According to the scientists from Australia's Flinders University, VITT emerged in 2021 during the Covid-19 pandemic following widespread usage of the Oxford-AstraZeneca vaccine, which is based on adenovirus vectors. The blood clotting related disorder, as per research, occurs within 4 to 42 days of taking the Covid vaccine.

VITT: Symptoms, cause of concern

According to the American Society of Hematology, the symptoms could include the following:

  • severe headache

  • visual changes

  • abdominal pain

  • nausea and vomiting

  • back pain

  • shortness of breath

  • leg pain or swelling and easy bruising or bleeding.

AstraZeneca's Covid-19 vaccine: The Flinders University research

According to the study recently published in the New England Journal of Medicine, the primary causative agent of VITT is a harmful blood autoantibody which targets a protein called platelet factor 4 (PF4).

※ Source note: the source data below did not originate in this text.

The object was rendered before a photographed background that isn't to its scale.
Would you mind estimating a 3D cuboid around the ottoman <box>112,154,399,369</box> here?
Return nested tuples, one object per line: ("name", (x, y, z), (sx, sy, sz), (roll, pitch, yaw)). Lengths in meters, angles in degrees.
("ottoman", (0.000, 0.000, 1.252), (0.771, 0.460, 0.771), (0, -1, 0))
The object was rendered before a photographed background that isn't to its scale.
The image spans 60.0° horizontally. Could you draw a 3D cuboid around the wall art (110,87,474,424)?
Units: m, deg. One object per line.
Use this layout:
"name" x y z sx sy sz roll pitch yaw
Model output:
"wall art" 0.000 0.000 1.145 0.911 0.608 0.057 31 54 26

In simple terms, an autoantibody is defined as a type of antibody produced by the immune system that mistakenly launches attacks on the body's own tissues, considering them foreign invaders causing hard to cure autoimmune diseases.

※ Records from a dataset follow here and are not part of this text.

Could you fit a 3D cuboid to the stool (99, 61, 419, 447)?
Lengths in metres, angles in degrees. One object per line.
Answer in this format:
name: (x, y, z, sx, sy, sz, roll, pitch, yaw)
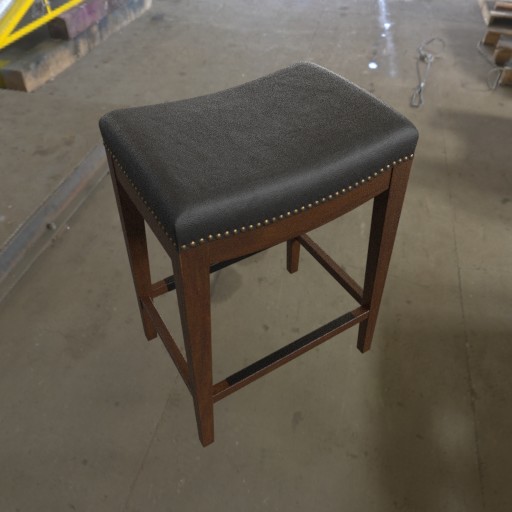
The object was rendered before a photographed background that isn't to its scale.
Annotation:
stool: (0.000, 0.000, 0.950, 0.490, 0.664, 0.353, -24, 50, -21)
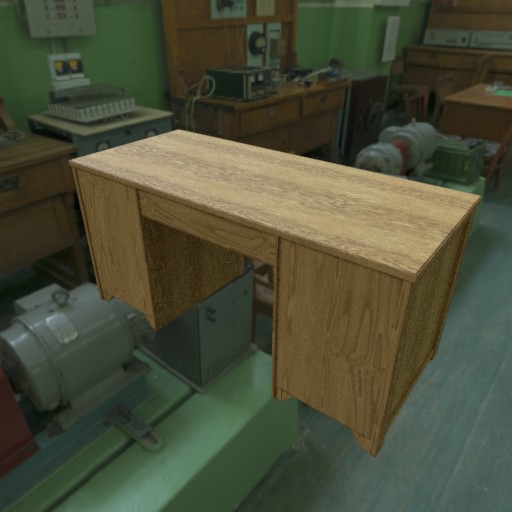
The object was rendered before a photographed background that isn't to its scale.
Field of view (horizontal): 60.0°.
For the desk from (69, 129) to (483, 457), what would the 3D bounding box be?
[{"bbox_3d":[0.000,0.000,1.980,1.567,0.751,0.685,21,36,31],"label":"desk"}]

The patients affected by autoimmune disorders are very prone to develop blood clots in unusual places like the brain or the abdomen. They also have high levels of a substance called D-dimer in their blood.

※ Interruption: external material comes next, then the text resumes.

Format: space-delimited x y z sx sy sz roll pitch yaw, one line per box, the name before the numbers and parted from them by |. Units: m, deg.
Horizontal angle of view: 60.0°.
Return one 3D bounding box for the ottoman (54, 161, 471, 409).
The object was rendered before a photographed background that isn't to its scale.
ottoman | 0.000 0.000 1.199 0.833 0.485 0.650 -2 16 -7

Back in 2022, Flinders University researchers, Dr Jing Jing Wang and Professor Tom Gordon, identified a genetic risk factor related to the PF4 antibody and from their recent collaboration with international researchers, it has been observed that PF4 antibodies in both vaccine-related VITT and natural adenovirus infections share identical molecular signatures.

This new study based on a novel method designed at Flinders University, shows that a common factor in viruses and vaccines triggers these harmful antibodies. The research also highlighted that the mechanisms of antibody production in these disorders are nearly identical and share similar genetic risk factors.